Support orders are based on civilian pay, which is generally higher than active duty pay. When reservists are called up to active duty they sometimes pay an impossibly high percentage of their income in child support.

For example, a California naval reservist who has three children and who takes home $4,000 a month in his civilian job would have a child support obligation of about $1,600 a month. If this father is a petty officer second class (E5) who has been in the reserves for six or seven years--a middle-ranked reservist--his active-duty pay would only be $2,205 before taxes, in addition to a housing allowance.

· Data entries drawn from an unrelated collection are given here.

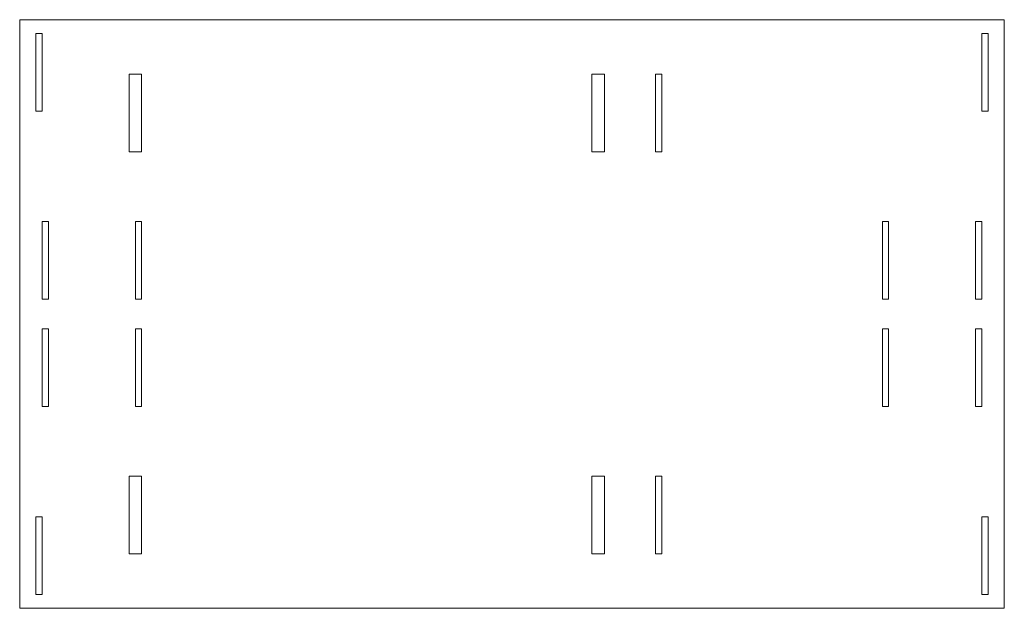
# Model space of a CAD drawing. Header units: millimetres. Extents: x -317 to 317, y -190 to 190.
import ezdxf

# ---------------------------------------------------------------- set-up
doc = ezdxf.new("R2010")
doc.units = ezdxf.units.MM

msp = doc.modelspace()

# ---------------------------------------------------------------- linework, layer by layer
at = {"color": 7, "linetype": 'Continuous', "lineweight": 15}
for p, q in [((-317, 189.5), (-317, -189.5)), ((317, 189.5), (-317, 189.5)), ((317, -189.5), (317, 189.5)), ((-306.5, 180.55), (-306.5, 130.55)), ((-302.5, 180.55), (-306.5, 180.55)), ((-302.5, 130.55), (-302.5, 180.55)), ((306.5, 180.55), (302.5, 180.55)), ((302.5, 180.55), (302.5, 130.55)), ((306.5, 130.55), (306.5, 180.55)), ((-246.5, 154.5), (-246.5, 104.5)), ((-238.5, 154.5), (-246.5, 154.5)), ((-238.5, 104.5), (-238.5, 154.5)), ((59.5, 154.5), (51.5, 154.5)), ((51.5, 154.5), (51.5, 104.5)), ((59.5, 104.5), (59.5, 154.5)), ((96.5, 154.5), (92.5, 154.5)), ((92.5, 154.5), (92.5, 104.5)), ((96.5, 104.5), (96.5, 154.5)), ((-306.5, 130.55), (-302.5, 130.55)), ((302.5, 130.55), (306.5, 130.55)), ((-246.5, 104.5), (-238.5, 104.5)), ((51.5, 104.5), (59.5, 104.5)), ((92.5, 104.5), (96.5, 104.5)), ((-302.5, 59.5), (-302.5, 9.5)), ((-298.5, 59.5), (-302.5, 59.5)), ((-298.5, 9.5), (-298.5, 59.5)), ((-238.5, 59.5), (-242.5, 59.5)), ((-242.5, 59.5), (-242.5, 9.5)), ((-238.5, 9.5), (-238.5, 59.5)), ((238.5, 59.5), (238.5, 9.5)), ((242.5, 59.5), (238.5, 59.5)), ((242.5, 9.5), (242.5, 59.5)), ((302.5, 59.5), (298.5, 59.5)), ((298.5, 59.5), (298.5, 9.5)), ((302.5, 9.5), (302.5, 59.5)), ((-302.5, 9.5), (-298.5, 9.5)), ((-242.5, 9.5), (-238.5, 9.5)), ((238.5, 9.5), (242.5, 9.5)), ((298.5, 9.5), (302.5, 9.5)), ((-302.5, -9.5), (-302.5, -59.5)), ((-298.5, -9.5), (-302.5, -9.5)), ((-298.5, -59.5), (-298.5, -9.5)), ((-238.5, -9.5), (-242.5, -9.5)), ((-242.5, -9.5), (-242.5, -59.5)), ((-238.5, -59.5), (-238.5, -9.5)), ((238.5, -9.5), (238.5, -59.5)), ((242.5, -9.5), (238.5, -9.5)), ((242.5, -59.5), (242.5, -9.5)), ((302.5, -9.5), (298.5, -9.5)), ((298.5, -9.5), (298.5, -59.5)), ((302.5, -59.5), (302.5, -9.5)), ((-302.5, -59.5), (-298.5, -59.5)), ((-242.5, -59.5), (-238.5, -59.5)), ((238.5, -59.5), (242.5, -59.5)), ((298.5, -59.5), (302.5, -59.5)), ((-238.5, -104.5), (-246.5, -104.5)), ((-246.5, -104.5), (-246.5, -154.5)), ((-238.5, -154.5), (-238.5, -104.5)), ((59.5, -104.5), (51.5, -104.5)), ((51.5, -104.5), (51.5, -154.5)), ((59.5, -154.5), (59.5, -104.5)), ((96.5, -104.5), (92.5, -104.5)), ((92.5, -104.5), (92.5, -154.5)), ((96.5, -154.5), (96.5, -104.5)), ((-302.5, -130.55), (-306.5, -130.55)), ((-306.5, -130.55), (-306.5, -180.55)), ((-302.5, -180.55), (-302.5, -130.55)), ((306.5, -130.55), (302.5, -130.55)), ((302.5, -130.55), (302.5, -180.55)), ((306.5, -180.55), (306.5, -130.55)), ((-246.5, -154.5), (-238.5, -154.5)), ((51.5, -154.5), (59.5, -154.5)), ((92.5, -154.5), (96.5, -154.5)), ((-306.5, -180.55), (-302.5, -180.55)), ((302.5, -180.55), (306.5, -180.55)), ((-317, -189.5), (317, -189.5))]:
    msp.add_line(p, q, dxfattribs=at)

doc.saveas('drawing.dxf')
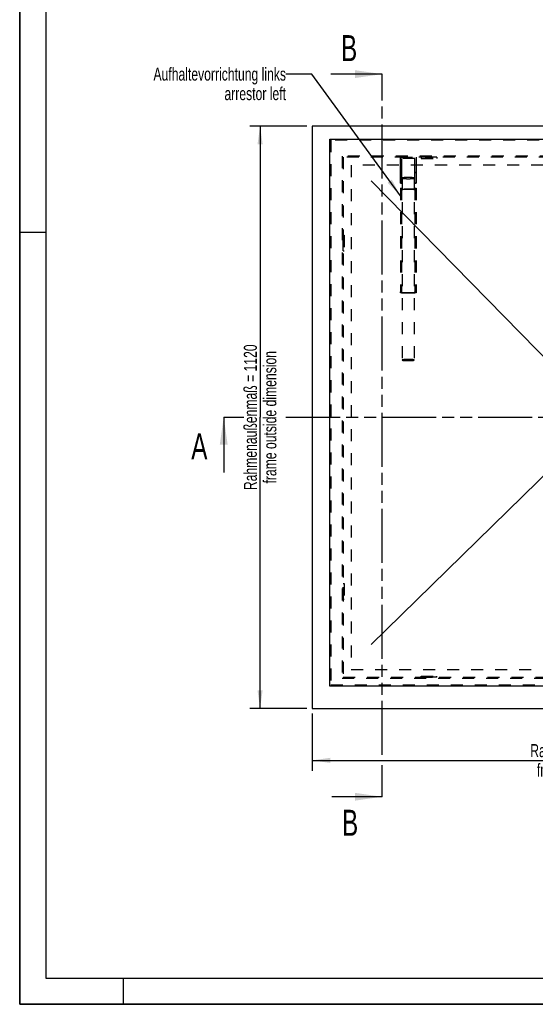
# Model space of a CAD drawing. Header units: millimetres. Extents: x 0 to 4200, y 0 to 2970.
# Tile 1 of 17: x 0 to 992, y 0 to 1894. Entities that reach past the tile are written whole.
import ezdxf

# ---------------------------------------------------------------- set-up
doc = ezdxf.new("R2010")
doc.units = ezdxf.units.MM
doc.header["$LTSCALE"] = 231
doc.linetypes.add('HIDDEN', pattern=[0.2, 0.1, -0.1])
doc.linetypes.add('PHANTOM', pattern=[0.8, 0.45, -0.05, 0.1, -0.05, 0.1, -0.05])
doc.layers.get('0').update_dxf_attribs({"linetype": 'CONTINUOUS'})
for name, color, linetype in [('005_AXIS', 7, 'CONTINUOUS'), ('007_CURVES', 7, 'CONTINUOUS'), ('050_DIMENSIONING', 7, 'CONTINUOUS'), ('053_NOTES', 7, 'CONTINUOUS'), ('DEFAULT_2', 8, 'HIDDEN'), ('HATCHING_BL0', 7, 'CONTINUOUS'), ('HATCHING_BL1', 7, 'CONTINUOUS')]:
    doc.layers.add(name, color=color, linetype=linetype)
doc.styles.get("Standard").update_dxf_attribs({"font": 'txt', "width": 0.7})
doc.dimstyles.new('DIMSTYLE_2', dxfattribs={"dimtxt": 25, "dimasz": 35, "dimexe": 2, "dimexo": 1, "dimtad": 1, "dimdec": 1, "dimtxsty": 'Standard', "dimblk": '_FILLED', "dimblk1": '_FILLED', "dimblk2": '_FILLED', "dimcen": 0.09, "dimazin": 2, "dimtp": 1.2, "dimtm": 1.2, "dimtfac": 1, "dimtdec": 1, "dimtofl": 0, "dimtmove": 0, "dimatfit": 3, "dimldrblk": '_FILLED', "dimfxl": 1, "dimtolj": 1, "dimarcsym": 0})
doc.dimstyles.get("Standard").update_dxf_attribs({"dimtxt": 25, "dimasz": 35, "dimexe": 2, "dimexo": 1, "dimtad": 1, "dimtxsty": 'Standard', "dimblk": '_FILLED', "dimblk1": '_FILLED', "dimblk2": '_FILLED', "dimcen": 0.09, "dimazin": 2, "dimtol": 1, "dimtp": 0.01, "dimtm": 0.01, "dimtfac": 1, "dimtofl": 0, "dimtmove": 0, "dimatfit": 3, "dimldrblk": '_FILLED', "dimfxl": 1, "dimtolj": 1, "dimarcsym": 0})

# ---------------------------------------------------------------- blocks, each defined once
blk = doc.blocks.new('_FILLED')
at = {"color": 0, "linetype": 'ByBlock'}
blk.add_solid([(0, 0), (-1, 0.143), (-1, -0.143)], dxfattribs=at)
blk = doc.blocks.new('*D4')
at = {"layer": '050_DIMENSIONING', "color": 2, "linetype": 'Continuous', "transparency": 16777216}
for p, q in [((552.5, 1689.2), (442.5, 1689.2)), ((462.5, 1689.2), (462.5, 1129.2)), ((462.5, 569.2), (462.5, 1129.2)), ((552.5, 569.2), (442.5, 569.2))]:
    blk.add_line(p, q, dxfattribs=at)
at = {"layer": '050_DIMENSIONING', "color": 2, "linetype": 'Continuous', "transparency": 16777216, "xscale": 35, "yscale": 35, "zscale": 35}
for p, rotation in [((462.5, 1689.2), 90), ((462.5, 569.2), 270)]:
    blk.add_blockref('_FILLED', p, dxfattribs=dict(at, rotation=rotation))
at = {"layer": '050_DIMENSIONING', "color": 2, "linetype": 'Continuous', "transparency": 16777216, "insert": (431.3, 1129.2), "char_height": 25, "width": 602.679, "attachment_point": 2, "rotation": 90, "line_spacing_factor": 0.9}
blk.add_mtext('Rahmenaußenmaß = 1120\\Pframe outside dimension', dxfattribs=at)
blk = doc.blocks.new('*D5')
at = {"layer": '050_DIMENSIONING', "color": 2, "linetype": 'Continuous', "transparency": 16777216}
for p, q in [((562.5, 559.2), (562.5, 449.2)), ((1682.5, 559.2), (1682.5, 449.2)), ((562.5, 469.2), (1122.5, 469.2)), ((1682.5, 469.2), (1122.5, 469.2))]:
    blk.add_line(p, q, dxfattribs=at)
at = {"layer": '050_DIMENSIONING', "color": 2, "linetype": 'Continuous', "transparency": 16777216, "xscale": 35, "yscale": 35, "zscale": 35, "rotation": 180}
blk.add_blockref('_FILLED', (562.5, 469.2), dxfattribs=at)
at = {"layer": '050_DIMENSIONING', "color": 2, "linetype": 'Continuous', "transparency": 16777216, "xscale": 35, "yscale": 35, "zscale": 35}
blk.add_blockref('_FILLED', (1682.5, 469.2), dxfattribs=at)
at = {"layer": '050_DIMENSIONING', "color": 2, "linetype": 'Continuous', "transparency": 16777216, "insert": (1122.5, 500.5), "char_height": 25, "width": 602.679, "attachment_point": 2, "line_spacing_factor": 0.9}
blk.add_mtext('Rahmenaußenmaß = 1120\\Pframe outside dimension', dxfattribs=at)
blk = doc.blocks.new('XSEC_FILLED')
at = {"color": 0, "linetype": 'ByBlock'}
blk.add_solid([(0, 0), (-1, 0.143), (-1, -0.143)], dxfattribs=at)
blk = doc.blocks.new('HATCHING_BL0', base_point=(1087.5, 1071.8))
at = {"layer": 'HATCHING_BL0', "color": 7, "linetype": 'PHANTOM'}
for p, q in [((392.5, 1129.2), (431.1, 1129.2)), ((512.3, 1129.2), (1732.5, 1129.2)), ((1732.5, 1129.2), (1782.5, 1129.2))]:
    blk.add_line(p, q, dxfattribs=at)
at = {"layer": 'HATCHING_BL0', "color": 7, "linetype": 'Continuous', "char_height": 50, "width": 64.286, "attachment_point": 1, "line_spacing_factor": 0.9}
for insert in [(330, 1098), (1802.2, 1089.4)]:
    blk.add_mtext('A', dxfattribs=dict(at, insert=insert))
at = {"layer": 'HATCHING_BL0', "color": 7, "linetype": 'Continuous'}
for points in [[(392.5, 1129.2), (392.5, 1023)], [(1782.5, 1129.2), (1782.5, 1014.4)]]:
    blk.add_leader(points, dimstyle='Standard', override={"dimasz": 52.5, "dimtad": 0, "dimldrblk": 'XSEC_FILLED'}, dxfattribs=at)
blk = doc.blocks.new('HATCHING_BL1', base_point=(648.1, 1094.2))
at = {"layer": 'HATCHING_BL1', "color": 7, "linetype": 'PHANTOM'}
for p, q in [((697.5, 1739.2), (697.5, 1789.2)), ((697.5, 479.6), (697.5, 1739.2)), ((697.5, 449.2), (697.5, 459.7)), ((697.5, 399.2), (697.5, 449.2))]:
    blk.add_line(p, q, dxfattribs=at)
at = {"layer": 'HATCHING_BL1', "color": 7, "linetype": 'Continuous', "char_height": 50, "width": 58.929, "attachment_point": 1, "line_spacing_factor": 0.9}
for insert in [(618.2, 1864.2), (620.1, 374.2)]:
    blk.add_mtext('B', dxfattribs=dict(at, insert=insert))
at = {"layer": 'HATCHING_BL1', "color": 7, "linetype": 'Continuous'}
for points in [[(697.5, 1789.2), (598.6, 1789.2)], [(697.5, 399.2), (600.4, 399.2)]]:
    blk.add_leader(points, dimstyle='Standard', override={"dimasz": 52.5, "dimtad": 0, "dimldrblk": 'XSEC_FILLED'}, dxfattribs=at)

msp = doc.modelspace()

# ---------------------------------------------------------------- linework, layer by layer
at = {"color": 7, "linetype": 'Continuous'}
for p, q in [((0, 0), (0, 2970)), ((562.518, 1689.233), (562.518, 569.233)), ((1682.518, 1689.233), (562.518, 1689.233)), ((596.518, 612.233), (596.518, 1664.233)), ((596.518, 1664.233), (1648.518, 1664.233)), ((1648.518, 612.233), (596.518, 612.233)), ((562.518, 569.233), (1682.518, 569.233)), ((0, 0), (4200, 0))]:
    msp.add_line(p, q, dxfattribs=at)
at = {"color": 3, "linetype": 'Continuous'}
for p, q in [((0, 2970), (0, 0)), ((0, 1485), (50, 1485)), ((200, 0), (200, 50)), ((4200, 0), (0, 0))]:
    msp.add_line(p, q, dxfattribs=at)
at = {"color": 5, "linetype": 'Continuous'}
for p, q in [((50, 2920), (50, 50)), ((50, 50), (4150, 50))]:
    msp.add_line(p, q, dxfattribs=at)
at = {"layer": '005_AXIS', "color": 8, "linetype": 'HIDDEN'}
for p, q in [((802.518, 1629.233), (772.518, 1629.233)), ((772.518, 1629.233), (772.518, 1627.233)), ((781.018, 1629.233), (781.018, 1627.233)), ((781.018, 1629.233), (794.018, 1629.233)), ((794.018, 1629.233), (794.018, 1627.233)), ((802.518, 1629.233), (802.518, 1627.233)), ((772.518, 1627.233), (802.518, 1627.233)), ((781.018, 1627.233), (794.018, 1627.233)), ((622.518, 1449.233), (622.518, 1479.233)), ((622.518, 1479.233), (624.518, 1479.233)), ((624.518, 1479.233), (624.518, 1449.233)), ((622.518, 1470.733), (624.518, 1470.733)), ((622.518, 1470.733), (622.518, 1457.733)), ((624.518, 1470.733), (624.518, 1457.733)), ((622.518, 1457.733), (624.518, 1457.733)), ((622.518, 1449.233), (624.518, 1449.233)), ((622.518, 779.233), (622.518, 809.233)), ((622.518, 809.233), (624.518, 809.233)), ((622.518, 800.733), (624.518, 800.733)), ((622.518, 800.733), (622.518, 787.733)), ((624.518, 809.233), (624.518, 779.233)), ((624.518, 800.733), (624.518, 787.733)), ((622.518, 787.733), (624.518, 787.733)), ((622.518, 779.233), (624.518, 779.233))]:
    msp.add_line(p, q, dxfattribs=at)
at = {"layer": '007_CURVES', "color": 4, "linetype": 'Continuous'}
for p, q in [((1027.872, 1225.498), (676.518, 1584.233)), ((676.518, 692.233), (1026.239, 1034.6))]:
    msp.add_line(p, q, dxfattribs=at)
at = {"layer": 'DEFAULT_2', "color": 8, "linetype": 'HIDDEN'}
for p, q in [((598.518, 1662.233), (598.518, 614.233)), ((598.518, 1662.233), (598.518, 614.233)), ((1646.518, 1662.233), (598.518, 1662.233)), ((1646.518, 1662.233), (598.518, 1662.233)), ((620.518, 1631.233), (620.518, 627.233)), ((1624.518, 1631.233), (620.518, 1631.233)), ((622.518, 1629.233), (622.518, 629.233)), ((1622.518, 1629.233), (622.518, 1629.233)), ((732.518, 1629.233), (762.518, 1629.233)), ((732.518, 1614.233), (732.518, 1629.233)), ((762.518, 1629.233), (762.518, 1614.233)), ((637.518, 1614.233), (637.518, 644.233)), ((1607.518, 1614.233), (637.518, 1614.233)), ((732.518, 1600.233), (732.518, 1614.233)), ((734.518, 1627.233), (734.518, 1614.233)), ((760.518, 1627.233), (734.518, 1627.233)), ((734.518, 1614.233), (734.518, 1600.233)), ((760.518, 1614.233), (760.518, 1627.233)), ((760.518, 1600.233), (760.518, 1614.233)), ((762.518, 1614.233), (762.518, 1600.233)), ((734.518, 1600.233), (732.518, 1600.233)), ((732.518, 1579.233), (732.518, 1600.233)), ((732.518, 1600.233), (734.518, 1600.233)), ((734.518, 1600.233), (734.518, 1579.233)), ((762.518, 1600.233), (760.518, 1600.233)), ((760.518, 1579.233), (760.518, 1600.233)), ((760.518, 1600.233), (762.518, 1600.233)), ((762.518, 1600.233), (762.518, 1579.233)), ((732.518, 1579.233), (734.518, 1579.233)), ((734.518, 1579.233), (732.518, 1579.233)), ((736.018, 1589.233), (736.018, 1239.233)), ((759.018, 1589.233), (759.018, 1239.233)), ((760.518, 1579.233), (762.518, 1579.233)), ((762.518, 1579.233), (760.518, 1579.233)), ((732.518, 1569.63), (732.518, 1370.623)), ((732.518, 1569.63), (734.518, 1569.63)), ((762.518, 1567.64), (732.518, 1567.64)), ((734.518, 1569.63), (734.518, 1370.623)), ((734.518, 1567.839), (736.018, 1567.839)), ((736.018, 1567.839), (759.018, 1567.839)), ((759.018, 1567.839), (760.518, 1567.839)), ((760.518, 1569.63), (760.518, 1370.623)), ((760.518, 1569.63), (762.518, 1569.63)), ((762.518, 1569.63), (762.518, 1370.623)), ((732.518, 1368.633), (732.518, 1370.623)), ((732.518, 1370.623), (734.518, 1370.623)), ((736.018, 1368.633), (732.518, 1368.633)), ((734.518, 1370.623), (734.518, 1368.832)), ((734.518, 1368.832), (736.018, 1368.832)), ((736.018, 1368.832), (759.018, 1368.832)), ((759.018, 1368.633), (736.018, 1368.633)), ((759.018, 1368.832), (760.518, 1368.832)), ((762.518, 1368.633), (759.018, 1368.633)), ((760.518, 1368.832), (760.518, 1370.623)), ((760.518, 1370.623), (762.518, 1370.623)), ((762.518, 1370.623), (762.518, 1368.633)), ((637.518, 644.233), (1063.016, 644.233)), ((620.518, 627.233), (1068.018, 627.233)), ((622.518, 629.233), (1622.518, 629.233)), ((772.518, 629.233), (772.518, 631.233)), ((772.518, 631.233), (802.518, 631.233)), ((802.518, 629.233), (772.518, 629.233)), ((781.018, 629.233), (781.018, 631.233)), ((781.018, 631.233), (794.018, 631.233)), ((781.018, 629.233), (794.018, 629.233)), ((794.018, 629.233), (794.018, 631.233)), ((802.518, 629.233), (802.518, 631.233)), ((598.518, 614.233), (1646.518, 614.233)), ((598.518, 614.233), (1646.518, 614.233))]:
    msp.add_line(p, q, dxfattribs=at)
for points, knots in [([(747.518, 1590.377), (746.77, 1590.377), (745.303, 1590.363), (743.173, 1590.3), (741.209, 1590.198), (739.488, 1590.061), (738.236, 1589.917), (737.407, 1589.782), (736.925, 1589.682), (736.543, 1589.581), (736.265, 1589.474), (736.085, 1589.375), (736.018, 1589.274), (736.018, 1589.233)], [0, 0, 0, 0, 0.19213473, 0.37696107, 0.5474611, 0.69719146, 0.82056123, 0.87092618, 0.91315132, 0.94694525, 0.97221272, 0.98928831, 1, 1, 1, 1]), ([(736.018, 1589.233), (736.018, 1589.191), (736.085, 1589.09), (736.265, 1588.991), (736.543, 1588.884), (736.925, 1588.783), (737.407, 1588.684), (738.236, 1588.549), (739.488, 1588.404), (741.209, 1588.267), (743.173, 1588.165), (745.303, 1588.102), (746.77, 1588.088), (747.518, 1588.088)], [0, 0, 0, 0, 0.01071169, 0.02778728, 0.05305475, 0.08684868, 0.12907382, 0.17943877, 0.30280854, 0.4525389, 0.62303893, 0.80786527, 1, 1, 1, 1]), ([(759.018, 1589.233), (759.018, 1589.274), (758.952, 1589.375), (758.771, 1589.474), (758.493, 1589.581), (758.112, 1589.682), (757.63, 1589.782), (756.8, 1589.917), (755.549, 1590.061), (753.827, 1590.198), (751.864, 1590.3), (749.733, 1590.363), (748.266, 1590.377), (747.518, 1590.377)], [0, 0, 0, 0, 0.01071169, 0.02778728, 0.05305475, 0.08684868, 0.12907382, 0.17943877, 0.30280854, 0.4525389, 0.62303893, 0.80786527, 1, 1, 1, 1]), ([(747.518, 1588.088), (748.266, 1588.088), (749.733, 1588.102), (751.864, 1588.165), (753.827, 1588.267), (755.549, 1588.404), (756.8, 1588.549), (757.63, 1588.684), (758.112, 1588.783), (758.493, 1588.884), (758.771, 1588.991), (758.952, 1589.09), (759.018, 1589.191), (759.018, 1589.233)], [0, 0, 0, 0, 0.19213473, 0.37696107, 0.5474611, 0.69719146, 0.82056123, 0.87092618, 0.91315132, 0.94694525, 0.97221272, 0.98928831, 1, 1, 1, 1]), ([(747.518, 1240.377), (746.77, 1240.377), (745.303, 1240.363), (743.173, 1240.3), (741.209, 1240.198), (739.488, 1240.061), (738.236, 1239.917), (737.407, 1239.782), (736.925, 1239.682), (736.543, 1239.581), (736.265, 1239.474), (736.085, 1239.375), (736.018, 1239.274), (736.018, 1239.233)], [0, 0, 0, 0, 0.19213473, 0.37696107, 0.5474611, 0.69719146, 0.82056123, 0.87092618, 0.91315132, 0.94694525, 0.97221272, 0.98928831, 1, 1, 1, 1]), ([(736.018, 1239.233), (736.018, 1239.191), (736.085, 1239.09), (736.265, 1238.991), (736.543, 1238.884), (736.925, 1238.783), (737.407, 1238.684), (738.236, 1238.549), (739.488, 1238.404), (741.209, 1238.267), (743.173, 1238.165), (745.303, 1238.102), (746.77, 1238.088), (747.518, 1238.088)], [0, 0, 0, 0, 0.01071169, 0.02778728, 0.05305475, 0.08684868, 0.12907382, 0.17943877, 0.30280854, 0.4525389, 0.62303893, 0.80786527, 1, 1, 1, 1]), ([(759.018, 1239.233), (759.018, 1239.274), (758.952, 1239.375), (758.771, 1239.474), (758.493, 1239.581), (758.112, 1239.682), (757.63, 1239.782), (756.8, 1239.917), (755.549, 1240.061), (753.827, 1240.198), (751.864, 1240.3), (749.733, 1240.363), (748.266, 1240.377), (747.518, 1240.377)], [0, 0, 0, 0, 0.01071169, 0.02778728, 0.05305475, 0.08684868, 0.12907382, 0.17943877, 0.30280854, 0.4525389, 0.62303893, 0.80786527, 1, 1, 1, 1]), ([(747.518, 1238.088), (748.266, 1238.088), (749.733, 1238.102), (751.864, 1238.165), (753.827, 1238.267), (755.549, 1238.404), (756.8, 1238.549), (757.63, 1238.684), (758.112, 1238.783), (758.493, 1238.884), (758.771, 1238.991), (758.952, 1239.09), (759.018, 1239.191), (759.018, 1239.233)], [0, 0, 0, 0, 0.19213473, 0.37696107, 0.5474611, 0.69719146, 0.82056123, 0.87092618, 0.91315132, 0.94694525, 0.97221272, 0.98928831, 1, 1, 1, 1])]:
    msp.add_open_spline(points, degree=3, knots=knots, dxfattribs=at)

# ---------------------------------------------------------------- block references
at = {"layer": 'HATCHING_BL0'}
msp.add_blockref('HATCHING_BL0', (1087.518, 1071.802), dxfattribs=at)
at = {"layer": 'HATCHING_BL1'}
msp.add_blockref('HATCHING_BL1', (648.051, 1094.233), dxfattribs=at)

# ---------------------------------------------------------------- texts
at = {"layer": '053_NOTES', "color": 2, "linetype": 'Continuous', "insert": (512.32, 1801.733), "char_height": 25, "width": 630.35714, "attachment_point": 3, "line_spacing_factor": 0.9}
msp.add_mtext('Aufhaltevorrichtung links\\Parrestor left', dxfattribs=at)

# ---------------------------------------------------------------- dimensions: what is measured, and where the dimension line sits
at = {"layer": '050_DIMENSIONING', "color": 2, "linetype": 'Continuous'}
dim = msp.add_linear_dim(base=(462.518, 569.233), p1=(553.518, 1689.233), p2=(553.518, 569.233), angle=270, text='Rahmenaußenmaß = <>\\Pframe outside dimension', dimstyle='DIMSTYLE_2', dxfattribs=at)
dim.commit()
dim.dimension.update_dxf_attribs({"geometry": '*D4', "text_midpoint": (462.518, 1129.233), "dimtype": 160})
dim = msp.add_linear_dim(base=(1682.518, 469.233), p1=(562.518, 560.233), p2=(1682.518, 560.233), text='Rahmenaußenmaß = <>\\Pframe outside dimension', dimstyle='DIMSTYLE_2', dxfattribs=at)
dim.commit()
dim.dimension.update_dxf_attribs({"geometry": '*D5', "text_midpoint": (1122.518, 469.233), "dimtype": 160})

# ---------------------------------------------------------------- leaders
at = {"layer": '053_NOTES', "color": 2, "linetype": 'Continuous', "annotation_type": 0, "has_hookline": 1, "hookline_direction": 1, "text_width": 391.312}
msp.add_leader([(732.518, 1555.046), (562.32, 1789.233), (512.32, 1789.233)], dimstyle='Standard', override={"dimtad": 0}, dxfattribs=at)

doc.saveas('drawing.dxf')

Under current California child support guidelines, the reservist's child support obligation should be $550 a month, not $1,600.

A reasonable reader unfamiliar with the wonders of the child support system would probably think "OK, but the courts would just straighten it out when the reservist gets back—certainly they wouldn't punish him for something that happened because he was serving." However, the federal Bradley Amendment prohibits judges from retroactively modifying child support beyond the date which an obligor has applied for a modification. Reservists can be mobilized with as little as one day's notice. If a reservist didn't have time or didn't know he had to file for a downward modification, the arrearages stay, along with the interest and penalties charged on them.

When the arrearage reaches $5,000—a common occurrence during long deployments—the father can become a felon who can be incarcerated or subject to a barrage of harsh civil penalties, including seizure of driver's licenses, business licenses and passports.

In addition, reservists who return from long-deployments often find that their civilian earning capacity is now diminished. This is particularly true for the 6% of reservists who are self-employed, and whose businesses are often destroyed by their absence. Family law courts are notoriously unforgiving of fathers who suffer wage drops. Many if not most will have their former incomes imputed to them, meaning that their child support will not change despite their drop in income. Saddled with mounting arrearages, some reservists will return to fight a long battle to stay out of jail.

Some reservists have their child support deducted automatically from their pay. Once deployed these fathers may lose 60% or 70% of their income and incur huge debts or face home foreclosures.

To date Missouri is the only state to adequately address the issue. During the first Gulf War it passed a law requiring that reservists' support obligations be automatically modified when they are called up for active duty. Other states, including California and Illinois, are currently considering legislation that would help reservists. However, tens of thousands of reservists were deployed before they could file for downward modifications. Only a repeal of the Bradley amendment—already widely seen as bad law within family law circles—can prevent them from facing years of debt, harassment, legal woes or even incarceration upon their return from active service.